Thursday, August 29, 2024

Draft BEAD program update would give states more leeway to use LEO, FWA services using unlicensed spectrum when more economical than FTTP.

In a March 2023 interview, U.S. Secretary of Commerce Gina Raimondo said, “If we're going to connect every American, including the tens of millions of Americans who now don't have the internet, we're going to have to lay fiber all across this country.” But $43.5 billion in construction subsidies appropriated in the Infrastructure Investment and Jobs Act of 2021 appears insufficient to bring fiber connections to most every American doorstep as with copper telephone lines in the previous century.

Instead, Low Earth Orbit (LEO) satellite and fixed wireless service (FWA) using unlicensed spectrum may have to suffice to fill the many thousands of holes in the Swiss cheese deployment of landline advanced telecommunications infrastructure over the past three decades. That has left a considerable number of discrete locations lacking it or served by older telephone and cable infrastructure that falls short of current federal standards for reliable internet protocol-based voice, video and data service.

That’s the upshot of draft Broadband Equity, Access and Deployment (BEAD) program guidance issued this week by the Department of Commerce’s National Telecommunications and Information Administration (NTIA). Those voids are seen on splotchy federal and state “broadband maps” of existing service where investor owned providers bypassed discrete locations they determined would not produce an adequate return on investment or profit.

While the draft guidance reiterates a preference for fiber to the premise (FTTP) projects in existing program guidance, it permits state subgrants to LEO satellite service providers and ground-based fixed wireless providers using unlicensed spectrum for projects where FTTP would require such a large degree of subsidization (up to 75% of project costs) -- or a lack of interest from service providers -- that states would be challenged to connect all premises to service meeting specifications for minimum throughput and reliability as required by the BEAD program.
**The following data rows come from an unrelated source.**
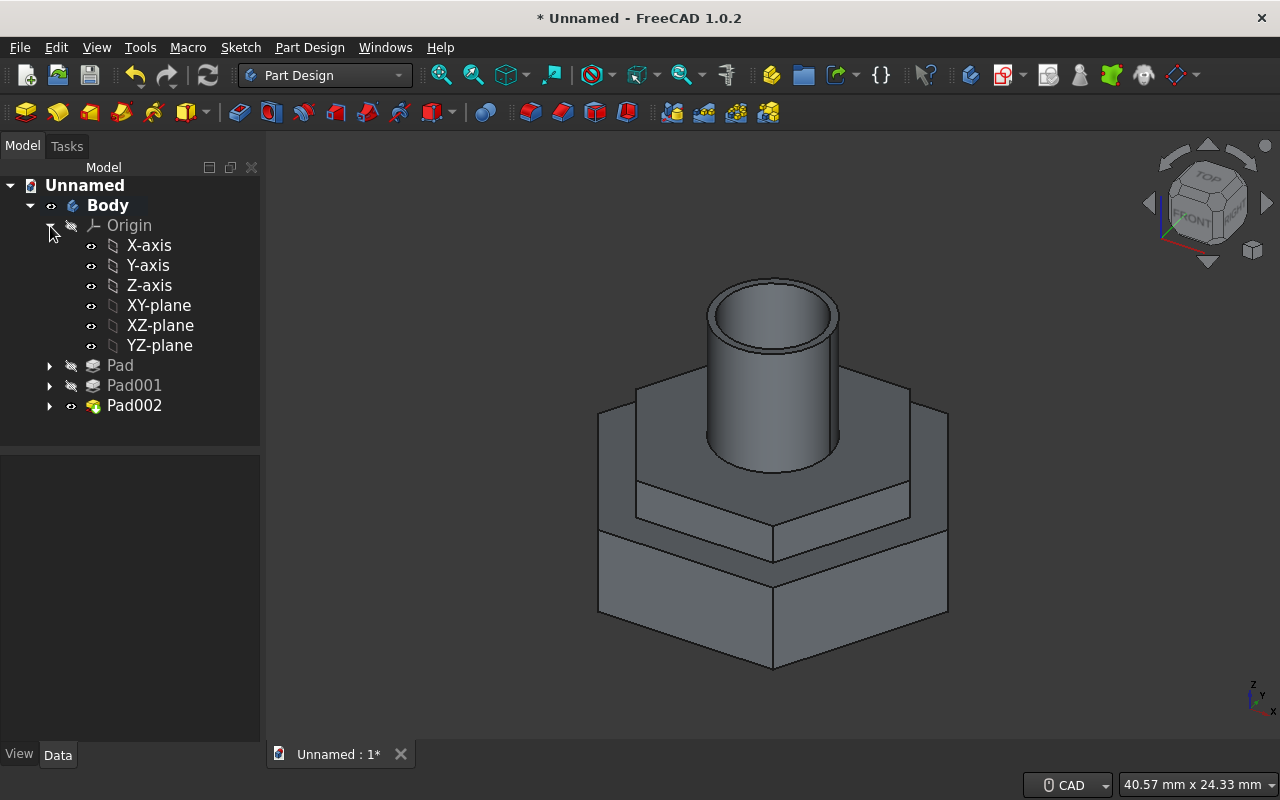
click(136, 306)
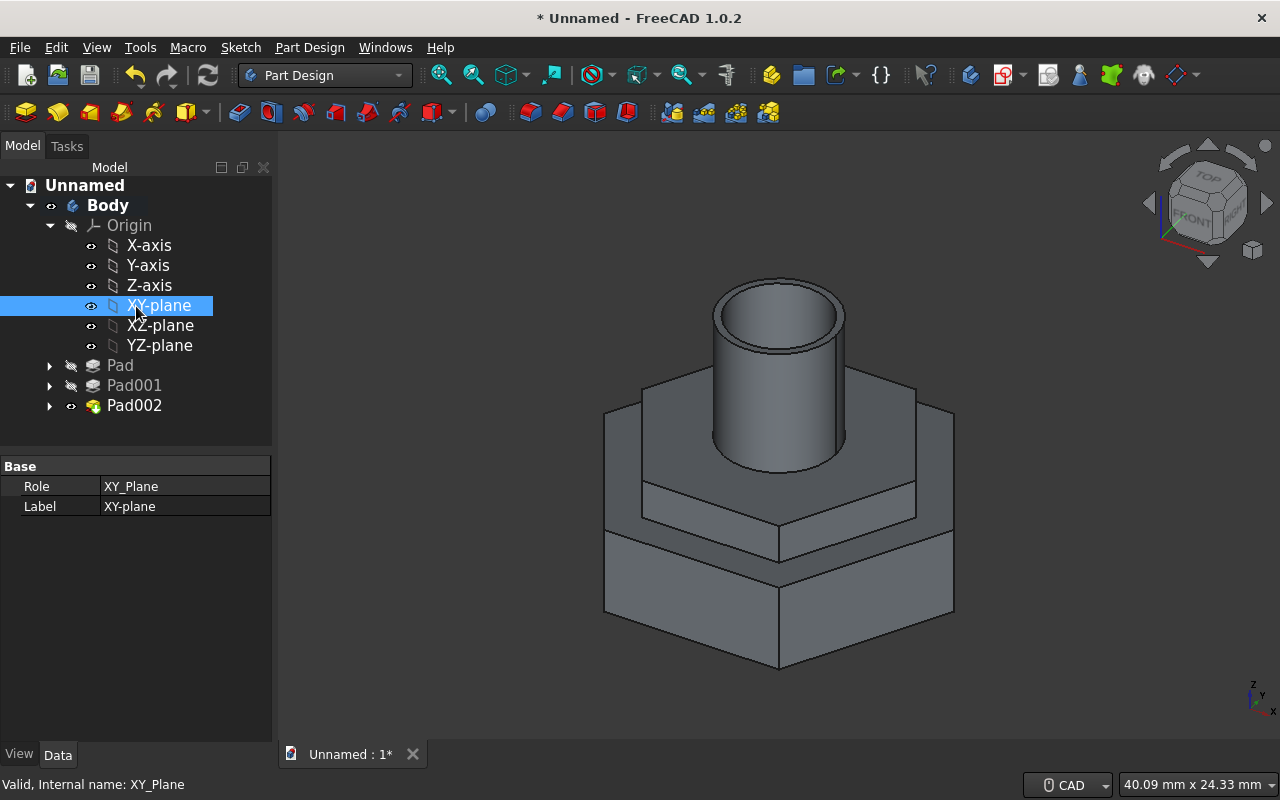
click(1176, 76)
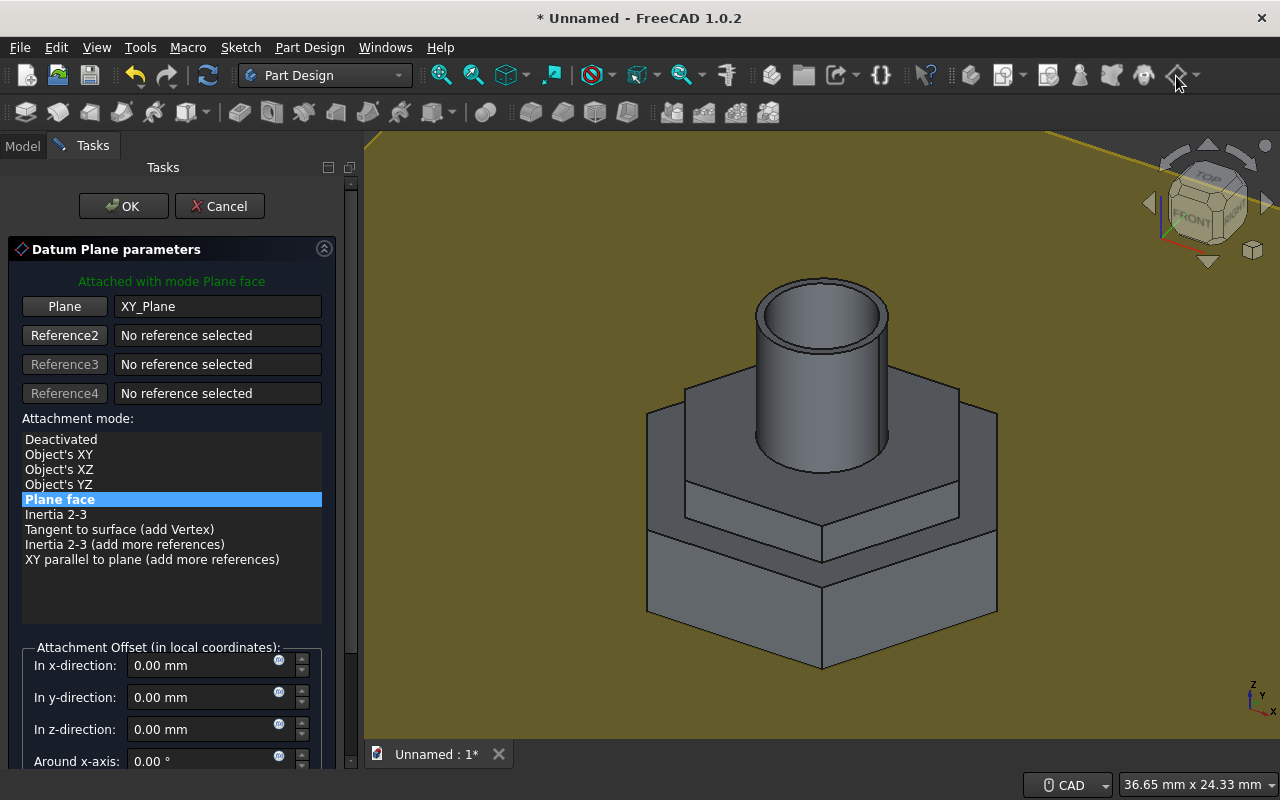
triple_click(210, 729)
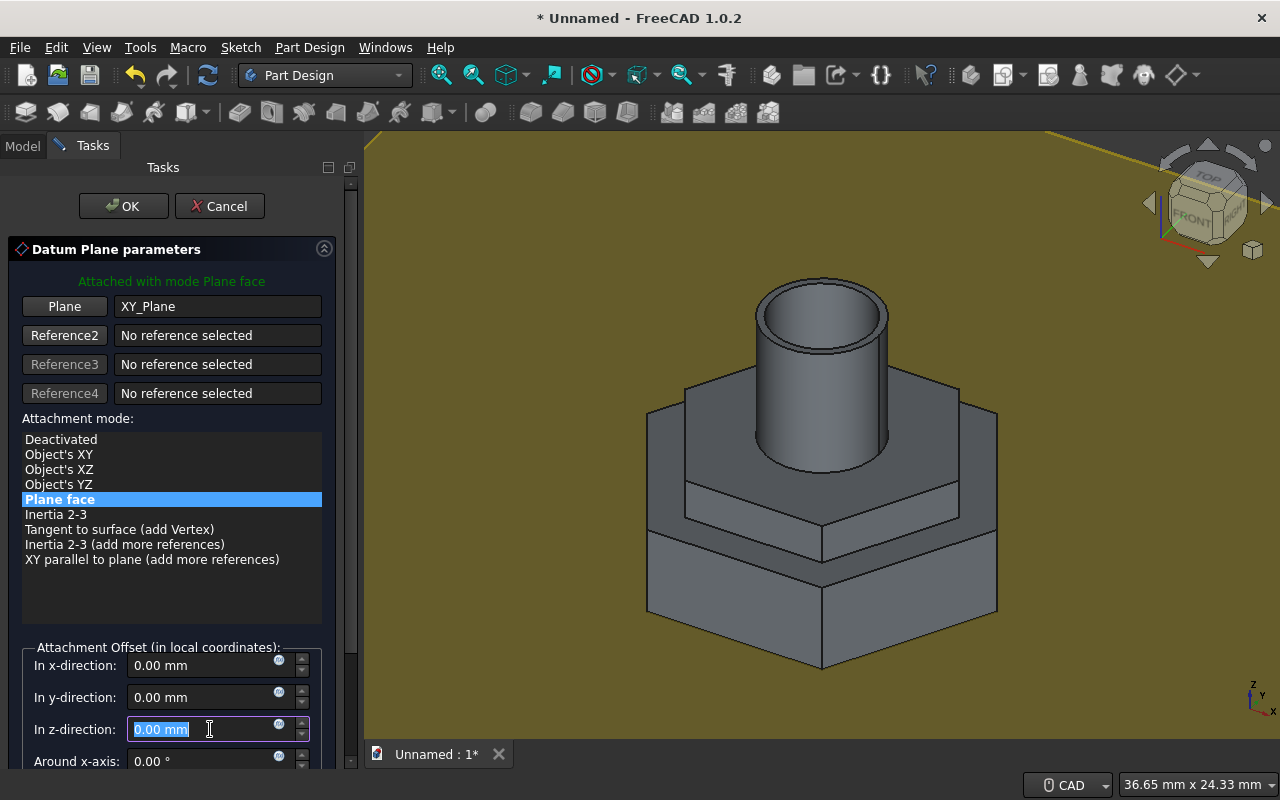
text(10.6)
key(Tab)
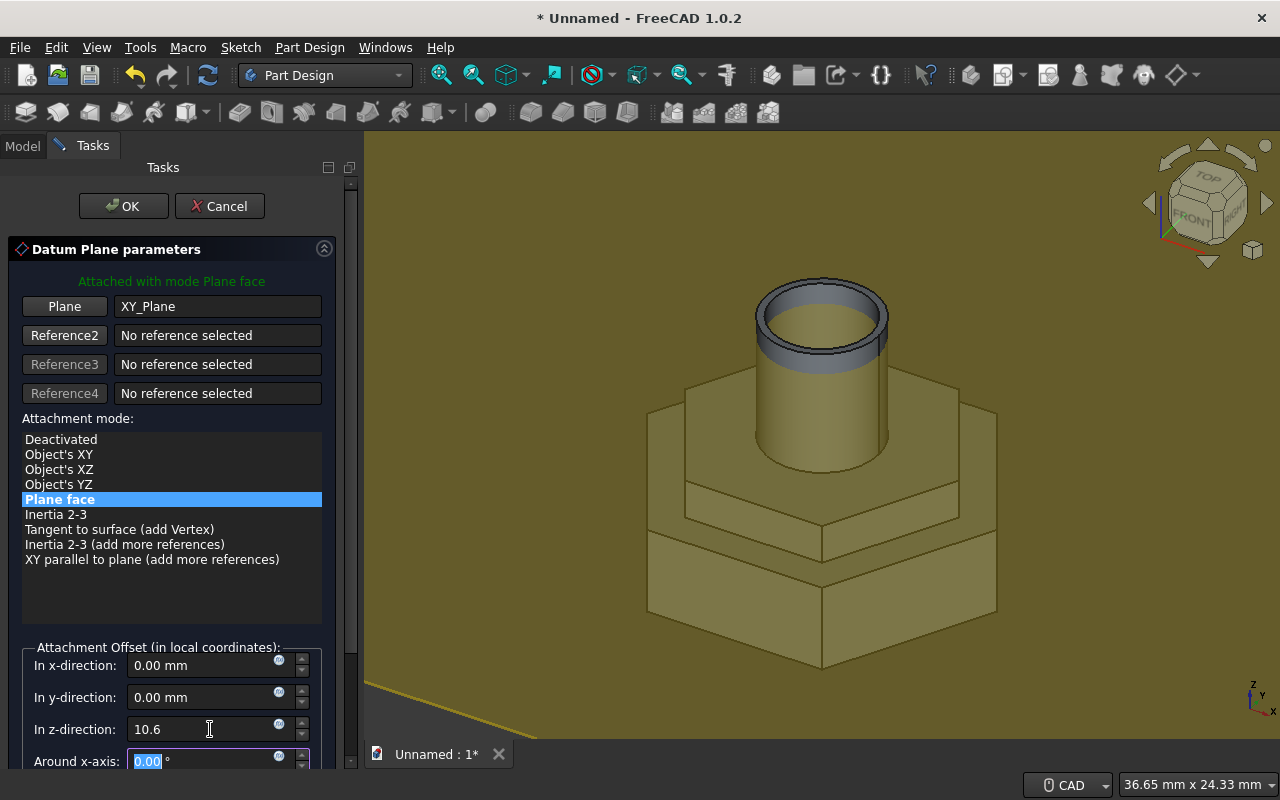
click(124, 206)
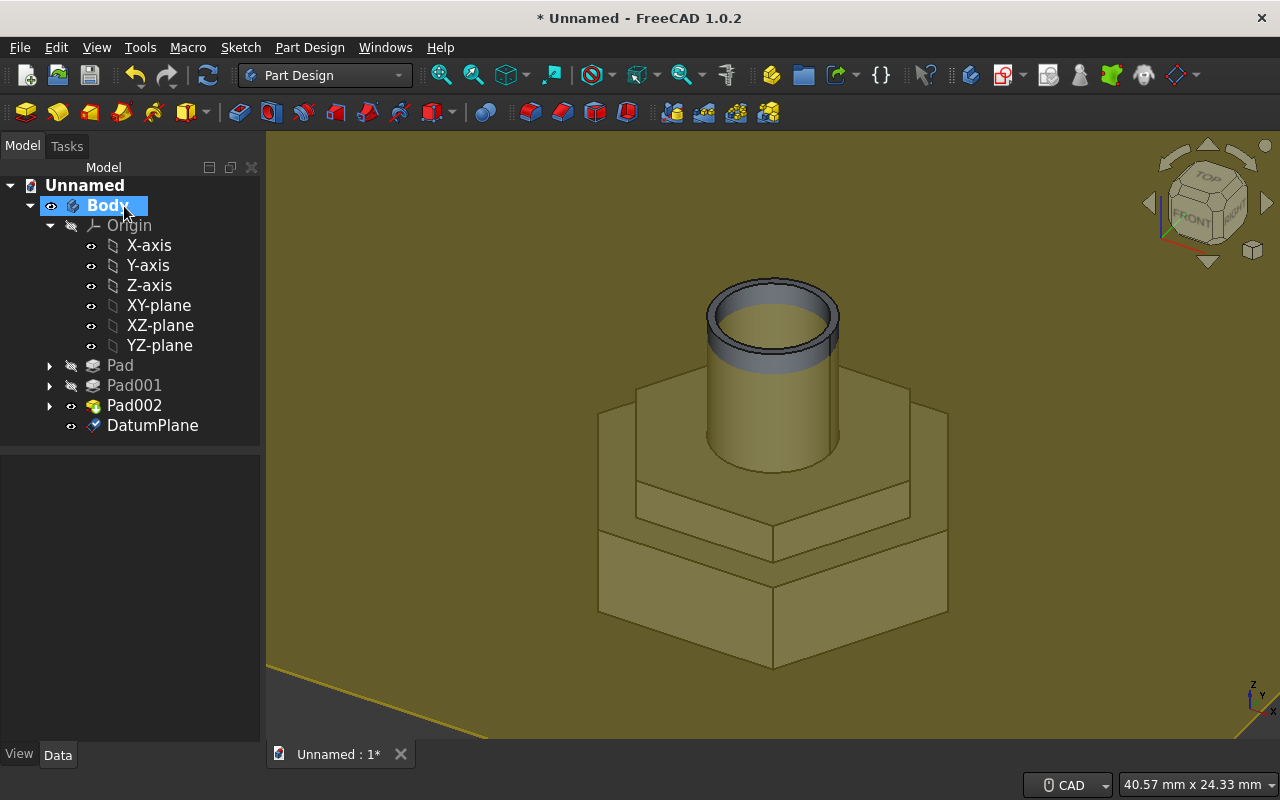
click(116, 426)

Accordingly, the draft revised guidance states these “alternative technologies” can to be used when it would be “less expensive” to do so.

Moreover, the draft guidance would bar states from funding projects where LEO satellite or fixed wireless service meeting minimum service specifications already exists or is being subsidized by another government program, which could potentially render large portions of the nation ineligible for BEAD subsidies.

The draft guidance would authorize states to use their grant funds to make subgrants to these providers to help customers pay for non-recurring installation and premise equipment costs, which for LEO service can run several hundred dollars. However, it’s unclear whether these services would meet the existing BEAD program guidance requiring states to ensure subgrant funded projects offer service at rates affordable to low and middle income households.